## TASK PROMPT
For the entries that follow, restate word for word the line containing "- cardboard box <box>1396,405,1464,460</box>", the line containing "- cardboard box <box>1082,121,1128,126</box>", and every line that lies between them.

--- ENTRIES PROVIDED Enclosed Below ---

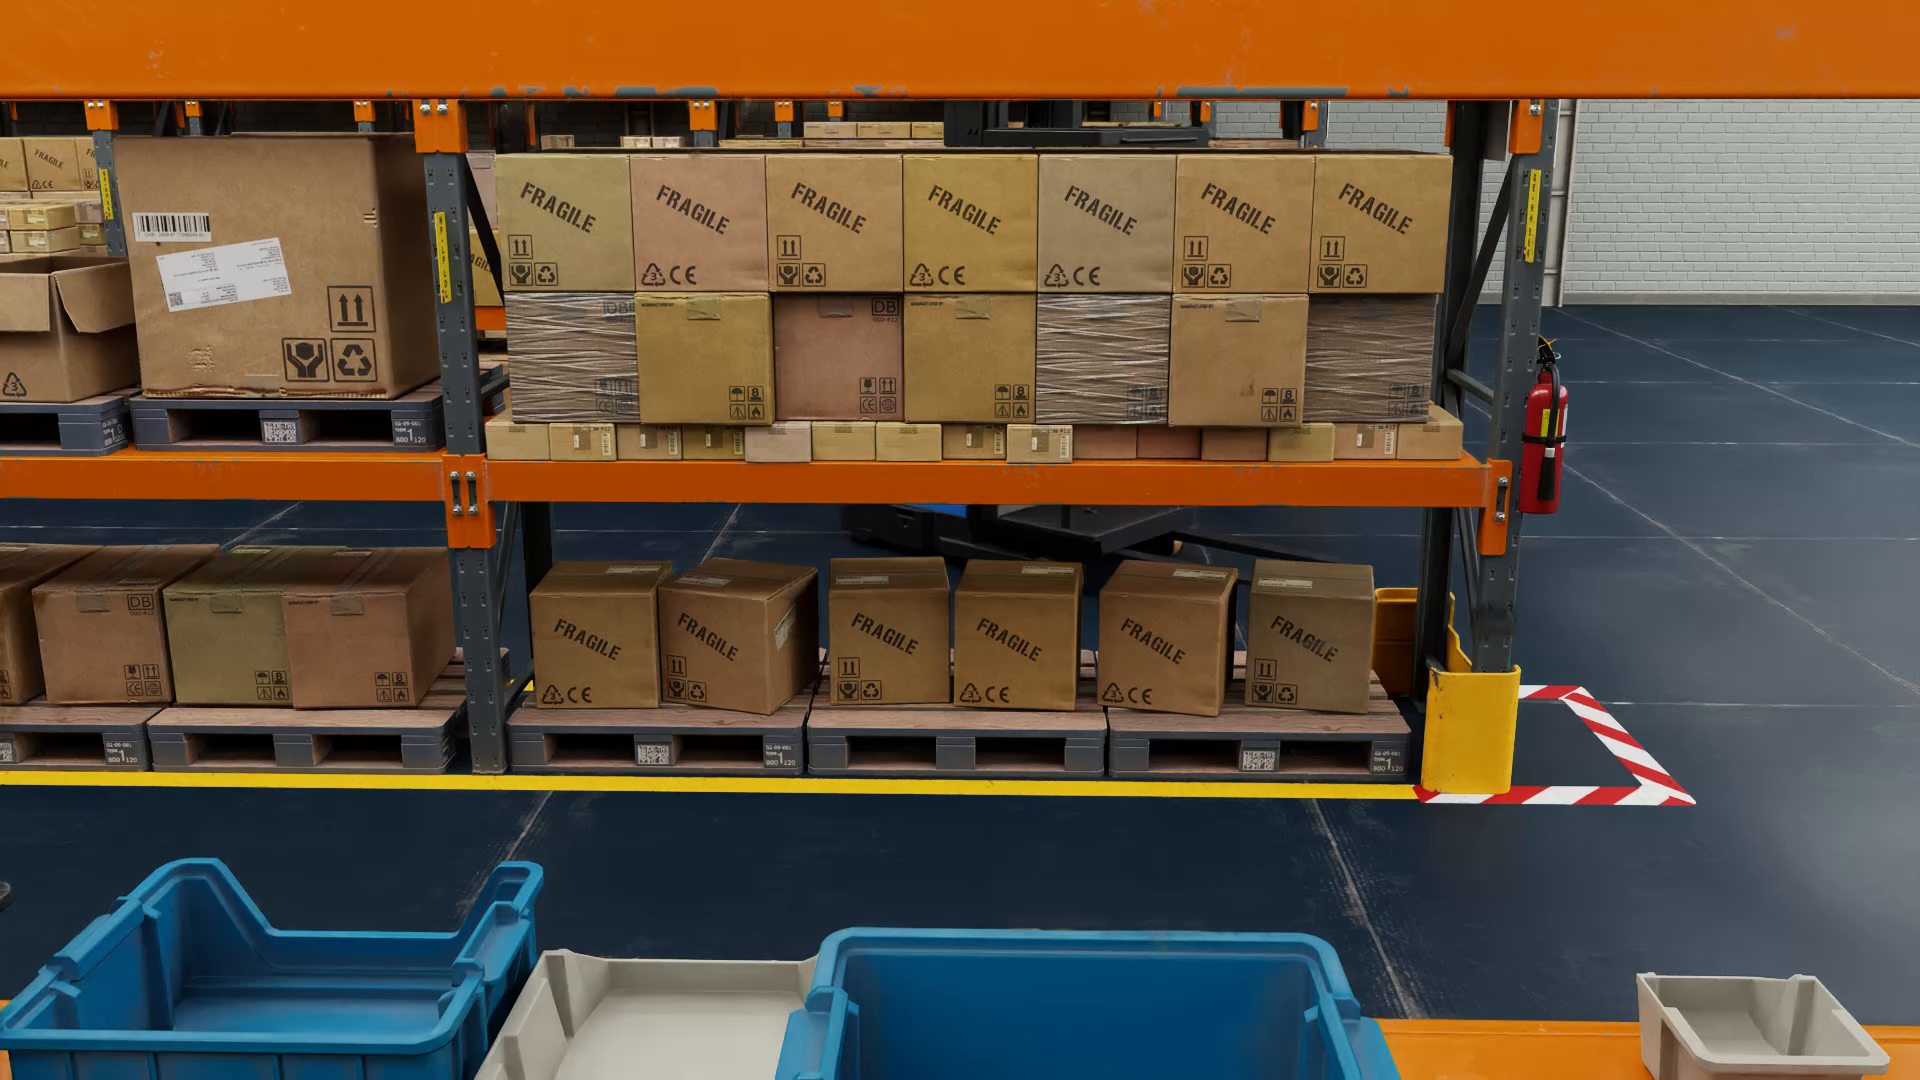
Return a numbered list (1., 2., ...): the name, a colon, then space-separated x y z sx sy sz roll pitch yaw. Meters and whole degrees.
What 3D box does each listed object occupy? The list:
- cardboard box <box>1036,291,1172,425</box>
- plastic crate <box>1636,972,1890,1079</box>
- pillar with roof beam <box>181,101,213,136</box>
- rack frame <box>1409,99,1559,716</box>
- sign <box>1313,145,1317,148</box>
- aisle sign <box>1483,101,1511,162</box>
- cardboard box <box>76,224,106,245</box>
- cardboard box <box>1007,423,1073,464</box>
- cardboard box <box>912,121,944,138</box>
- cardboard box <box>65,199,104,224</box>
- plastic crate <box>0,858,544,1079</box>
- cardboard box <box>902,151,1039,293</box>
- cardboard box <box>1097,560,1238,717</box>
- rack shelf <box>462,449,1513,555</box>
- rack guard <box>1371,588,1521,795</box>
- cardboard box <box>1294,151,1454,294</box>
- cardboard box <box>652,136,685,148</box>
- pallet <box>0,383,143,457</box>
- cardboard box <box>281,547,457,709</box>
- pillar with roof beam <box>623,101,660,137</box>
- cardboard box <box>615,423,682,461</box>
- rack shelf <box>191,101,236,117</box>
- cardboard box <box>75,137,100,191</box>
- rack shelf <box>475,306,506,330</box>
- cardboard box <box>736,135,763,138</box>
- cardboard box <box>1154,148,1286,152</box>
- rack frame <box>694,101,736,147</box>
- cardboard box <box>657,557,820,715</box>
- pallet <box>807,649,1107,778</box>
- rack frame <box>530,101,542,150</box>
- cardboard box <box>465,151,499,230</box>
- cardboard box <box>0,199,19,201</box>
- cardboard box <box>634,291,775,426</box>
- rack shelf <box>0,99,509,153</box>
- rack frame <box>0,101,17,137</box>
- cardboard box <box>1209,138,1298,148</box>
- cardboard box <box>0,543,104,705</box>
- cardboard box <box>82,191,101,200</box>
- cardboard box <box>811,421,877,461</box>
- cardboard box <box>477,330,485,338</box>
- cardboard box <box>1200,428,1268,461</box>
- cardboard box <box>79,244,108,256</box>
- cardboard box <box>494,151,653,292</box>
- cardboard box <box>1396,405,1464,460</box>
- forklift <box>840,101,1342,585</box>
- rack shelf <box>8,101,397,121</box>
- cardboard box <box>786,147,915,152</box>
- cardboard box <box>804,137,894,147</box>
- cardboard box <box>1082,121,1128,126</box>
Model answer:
1. cardboard box: 0.549 -0.788 6.668 0.500 0.500 0.875 0 15 1
2. plastic crate: 1.087 0.704 2.307 0.250 0.136 0.298 0 15 1
3. pillar with roof beam: -10.303 -6.507 17.363 0.400 9.000 9.100 0 15 1
4. rack frame: 2.100 -0.598 6.728 0.127 3.000 1.000 0 15 1
5. sign: 2.300 -2.399 10.817 0.005 0.325 0.100 0 15 1
6. aisle sign: 2.170 -1.931 6.684 0.004 0.787 0.394 0 15 1
7. cardboard box: -6.148 -2.194 11.863 0.250 0.149 0.380 1 15 4
8. cardboard box: 0.308 -0.409 6.503 0.250 0.149 0.380 0 15 1
9. cardboard box: -0.200 -3.750 15.934 0.500 0.500 0.700 0 15 0
10. cardboard box: -6.131 -2.336 11.818 0.250 0.149 0.380 0 15 2
11. plastic crate: -0.912 0.649 2.293 0.616 0.251 0.499 0 15 1
12. cardboard box: 0.045 -1.226 6.366 0.500 0.500 0.500 0 15 1
13. cardboard box: 0.878 0.404 7.006 0.500 0.500 0.500 4 15 16
14. rack shelf: 0.101 -0.263 6.869 4.000 0.370 1.077 0 15 1
15. rack guard: 2.024 0.610 7.048 0.348 0.500 1.175 0 15 1
16. cardboard box: 1.544 -1.214 6.324 0.500 0.500 0.500 0 15 1
17. cardboard box: -2.802 -3.807 16.016 0.250 0.149 0.380 0 15 0
18. pallet: -3.917 -0.555 6.940 1.213 0.211 1.003 0 15 1
19. cardboard box: -2.512 0.362 7.125 0.500 0.500 0.700 -1 15 -3
20. pillar with roof beam: -4.305 -6.468 17.215 0.400 9.000 9.100 0 15 1
21. cardboard box: -1.191 -0.425 6.564 0.250 0.149 0.380 0 15 1
22. rack shelf: -7.521 -5.559 21.061 4.000 0.370 1.077 0 15 1
23. cardboard box: -8.200 -3.659 16.173 0.500 0.500 0.500 0 15 0
24. rack shelf: -3.670 -1.554 11.759 4.000 0.370 1.077 0 15 1
25. cardboard box: -2.107 -3.954 16.572 0.250 0.149 0.380 0 15 1
26. cardboard box: 1.058 -1.352 6.846 0.500 0.500 0.500 0 15 1
27. rack frame: -1.671 -1.889 11.618 0.127 3.000 1.000 0 15 1
28. cardboard box: -0.927 0.396 7.036 0.500 0.500 0.500 5 16 19
29. pallet: -0.004 0.727 7.172 1.213 0.211 1.003 0 15 1
30. rack frame: -5.521 -4.444 21.302 0.127 3.000 1.000 0 15 1
31. cardboard box: -3.187 -2.428 11.508 0.500 0.500 0.700 0 15 2
32. cardboard box: -6.905 -2.342 11.840 0.250 0.149 0.380 0 15 -1
33. cardboard box: -0.951 -0.786 6.658 0.500 0.500 0.875 0 15 1
34. rack shelf: -3.898 -1.740 6.585 4.000 0.370 1.077 0 15 1
35. rack frame: -9.643 -3.204 16.603 0.127 3.000 1.000 0 15 1
36. cardboard box: 1.958 -2.469 11.409 0.550 0.550 0.875 0 15 1
37. cardboard box: -4.105 0.347 7.182 0.500 0.500 0.700 2 15 6
38. cardboard box: -8.185 -3.292 16.251 0.500 0.250 0.500 1 15 2
39. cardboard box: -0.441 -0.423 6.555 0.250 0.149 0.380 0 15 1
40. cardboard box: -5.080 -2.104 16.762 0.625 0.372 0.950 -1 15 -2
41. cardboard box: 1.059 -0.422 6.551 0.250 0.149 0.380 0 15 1
42. cardboard box: -6.112 -2.051 11.902 0.250 0.149 0.380 0 15 1
43. cardboard box: -1.455 -1.232 6.391 0.500 0.500 0.500 0 15 1
44. cardboard box: 1.810 -0.426 6.567 0.250 0.149 0.380 0 15 1
45. forklift: 0.709 -1.273 9.421 3.031 2.935 1.130 12 19 39
46. rack shelf: -7.644 -4.293 16.263 4.000 0.370 1.077 0 15 1
47. cardboard box: -0.442 -1.361 6.879 0.500 0.500 0.500 0 15 1
48. cardboard box: -0.750 -2.498 11.518 0.550 0.550 0.875 0 15 1
49. cardboard box: 1.331 -3.754 15.950 0.500 0.500 0.700 1 15 2

--- End of Enclosed ENTRIES PROVIDED ---

## ANSWER SECTION
- cardboard box <box>1396,405,1464,460</box>
- forklift <box>840,101,1342,585</box>
- rack shelf <box>8,101,397,121</box>
- cardboard box <box>786,147,915,152</box>
- cardboard box <box>804,137,894,147</box>
- cardboard box <box>1082,121,1128,126</box>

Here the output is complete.